Kazimierz Trzęsicki (University of Białystok, Poland) – In what sense God is infinite?

Aristotle was the first who introduced a clear distinction between two varieties of infinity. He distinguished potential infinities from what he called actual infinities. He maintained that actual infinities could not exist. Georg Cantor (1845–1918) questioned this belief. For him the potential infinity is a variable and as such it has sense only if a domain of its variability is determined. The domain of a variable in the sense of the potential infinite has to be actual infinite. Thus a potential infinite exists only if an actual infinite exists.
To say that A exists we have to have the concept of A. The same is true if we say, that A does not exists. Any statement about actual infinity has a sense only if we have a concept of actual infinity. Is it possible that the existence of an actual infinite is a necessary condition of the existence of a potential infinite, but we do not have a concept of actual infinity?

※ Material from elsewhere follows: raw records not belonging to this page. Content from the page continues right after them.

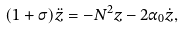Convert formula to latex. <formula><loc_0><loc_0><loc_500><loc_500>( 1 + \sigma ) \ddot { z } = - N ^ { 2 } z - 2 \alpha _ { 0 } \dot { z } ,</formula> 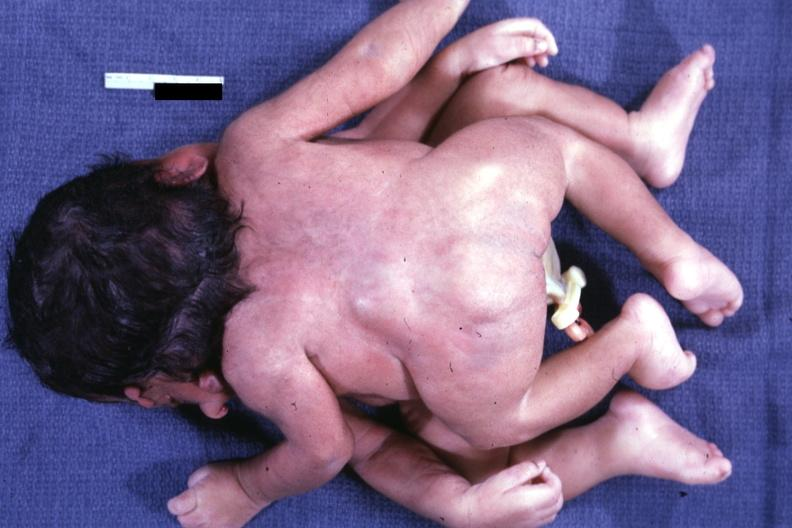what is present?
Answer the question using a single word or phrase. Cephalothoracopagus janiceps 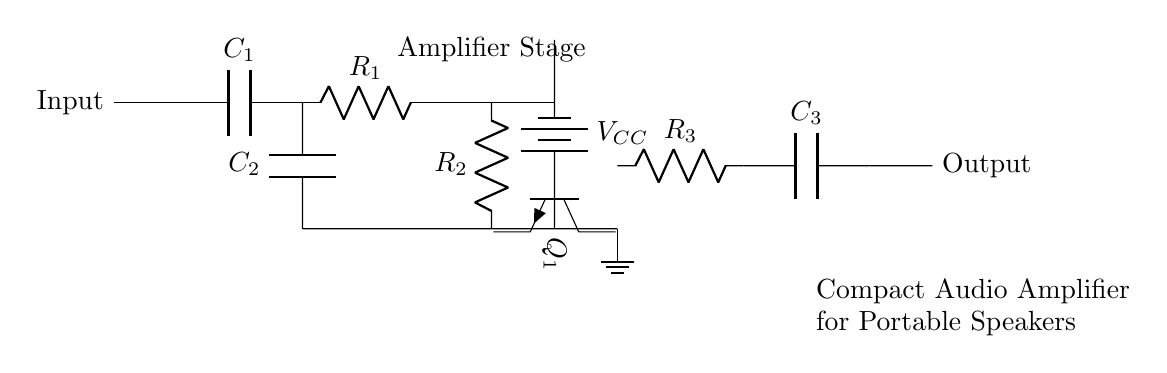What components are used in the amplifier stage? The amplifier stage includes two resistors, labeled R1 and R2, and a transistor, labeled Q1. These components work together to amplify the input signal.
Answer: R1, R2, Q1 What type of transistor is used in this circuit? The diagram shows an NPN transistor, indicated by the label Q1 and symbol in the circuit. NPN transistors are commonly used in amplification circuits due to their characteristics.
Answer: NPN How many capacitors are present in the circuit? The circuit contains three capacitors: C1, C2, and C3. Each of these capacitors plays a role in filtering or coupling signals within the amplifier circuit.
Answer: 3 What is the role of the resistor R3? R3 acts as a load resistor in the output stage, affecting the signal amplitude and helping to stabilize the output voltage for the connected portable speakers.
Answer: Load resistor What is the voltage source labeled in the circuit? The voltage source is denoted as VCC, and it provides the necessary power to the amplifier circuit for operation.
Answer: VCC Which component is responsible for input filtering? The capacitor C1 is responsible for input filtering, smoothing the incoming signal to avoid distortion and allow for better amplification in the following stages.
Answer: C1 What is the purpose of capacitor C3? Capacitor C3 serves as a coupling capacitor, allowing AC signals to pass while blocking DC components, which helps to prevent DC offset in the audio output.
Answer: Coupling capacitor 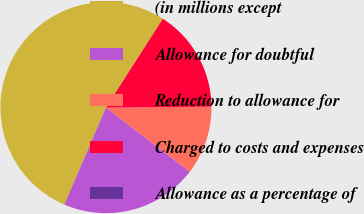Convert chart. <chart><loc_0><loc_0><loc_500><loc_500><pie_chart><fcel>(in millions except<fcel>Allowance for doubtful<fcel>Reduction to allowance for<fcel>Charged to costs and expenses<fcel>Allowance as a percentage of<nl><fcel>52.62%<fcel>21.05%<fcel>10.53%<fcel>15.79%<fcel>0.0%<nl></chart>

Acquiring of the concept of an actual infinite is not possible on the data of finite experience. The only source of the concept of actual infinity could be something that is actually infinite. Actual infinity transcend our finite understanding. Thus if we have the concept of actual infinity, it is given to us by an infinite being. God is an infinite being.
Cantor distinguished infinity of infinities. Which infinity is the infinity of God? If we have the concept of infinity A, then the infinity has to be comprehend by God. This infinity should be over the infinity of A. God is absolutely infinite. In what sense we are able to acquire the infinity of God, if the infinity of God is not comparable with infinity of any set.
To say something of A we have to comprehend A. In the case of an absolute infinite being, all that we could known is negative. Humans could not have any positive knowledge about the absolute infinity. It is in accordance with Christian theology: si comprehendis non est Deus (it what is comprehend by you is not God, a maxiom of St. Augustine of Hippo). Any infinite class that is not absolutely infinite can be characterized as a set of things that has a ceratin property (members of the set are values of a function). Such a characterization is not possible in the case of the absolutely infinite class.